Knowing when you can economize on a given scene or shooting day in order to allocate more resources to another part of the script is what the schedule is all about.

Achieving that delicate balance is the skill of a good AD. Talking to the director about what is vital to their story telling process and what they are most passionate about is the starting point of prep for me.

Working closely with the director and producers to bridge the gap that sometimes exists is a big part of the AD’s job.

I want to go into day one of shooting with a schedule that the director, the producers and I agree gives us the best opportunity to enter post production feeling great about what we got during the shoot.

MT: What are the key qualities to being a great 1st AD?

JMK: You’d have to ask one!

I can tell you that the qualities I look for in a 2nd AD apply to the 1st AD as well.

– A calm unflappable personality under extreme pressure
– Real attention to detail
– The ability to plan ahead and think on your feet if the plan falls apart
– The grit to do a great job when they are sick / exhausted / just had their car stolen / got yelled at by someone above the line or any number of other things that would put a regular person off their game
– Sense of humor – essential!

MT: How does the 1st AD gain the respect of the crew on the first day to set the tone of the production?

JMK: I try to set the tone during prep and at the production meeting.

I treat everyone with respect and I expect them to do the same.

On the first day at the safety meeting I make it clear that we are a team, that everyone needs to play their part and that I am always available to any member of the crew who needs me.

I make the assumption that they are there to do the best job they can.
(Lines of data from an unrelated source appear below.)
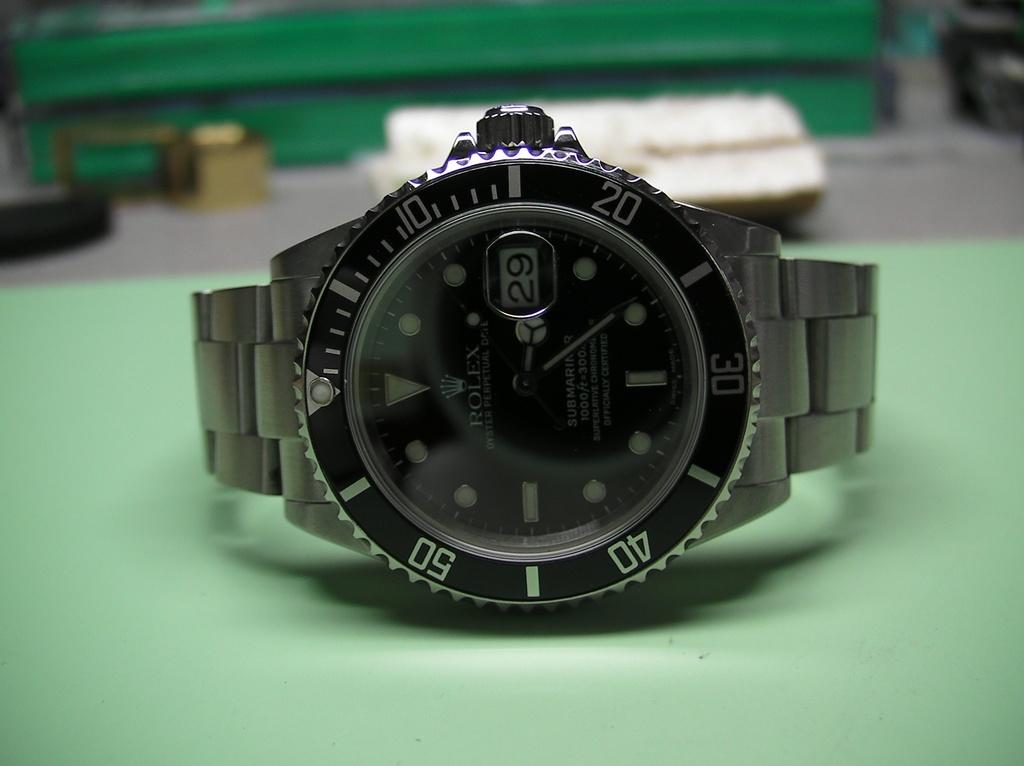What day of the month is shown on the watch?
Keep it short and to the point. 29. What brand of watch is that?
Offer a very short reply. Rolex. 
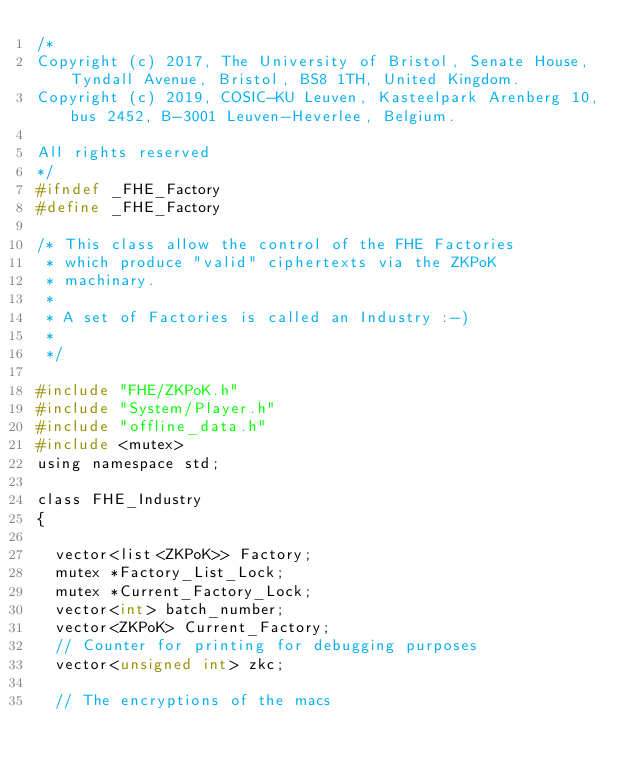Convert code to text. <code><loc_0><loc_0><loc_500><loc_500><_C_>/*
Copyright (c) 2017, The University of Bristol, Senate House, Tyndall Avenue, Bristol, BS8 1TH, United Kingdom.
Copyright (c) 2019, COSIC-KU Leuven, Kasteelpark Arenberg 10, bus 2452, B-3001 Leuven-Heverlee, Belgium.

All rights reserved
*/
#ifndef _FHE_Factory
#define _FHE_Factory

/* This class allow the control of the FHE Factories
 * which produce "valid" ciphertexts via the ZKPoK
 * machinary.
 *
 * A set of Factories is called an Industry :-)
 *
 */

#include "FHE/ZKPoK.h"
#include "System/Player.h"
#include "offline_data.h"
#include <mutex>
using namespace std;

class FHE_Industry
{

  vector<list<ZKPoK>> Factory;
  mutex *Factory_List_Lock;
  mutex *Current_Factory_Lock;
  vector<int> batch_number;
  vector<ZKPoK> Current_Factory;
  // Counter for printing for debugging purposes
  vector<unsigned int> zkc;

  // The encryptions of the macs</code>

In the rare case that we hit a speed bump because someone either can’t or won’t deliver what is expected of them I try to resolve the situation in private away from the set.

MT: Is there is a key difference when you’re a 1st AD on productions of an action film in comparison to a drama?

JMK: In large action sequences it is much more about logistics, safety and planning with the stunt team and special FX crew.

Often the angles are story boarded and detailed shot lists are created and then scheduled.

Running the set is always about making sure that everyone knows what’s happening right now and then what is happening next up.

It’s never more essential than when shooting potentially dangerous action.

Drama is a different discipline. Creating the right environment on the set for the cast to work with the director is the top priority.

Dramatic scenes can seem simple – two people in a room? What could go wrong? A surprising amount!

I try to remove all of the distractions from the set so that the director can work with the cast and get the best performances.

A combination of intense drama and extreme stunts? That’s when it gets really interesting!

MT: If the day or entire schedule goes into overtime, does the 1st AD carry the most blame?

JMK: Only if he/she is the cause of the overtime!

There is a lot the AD can do to make sure that things run efficiently.

Proper planning in prep is essential (The 3 Ps!).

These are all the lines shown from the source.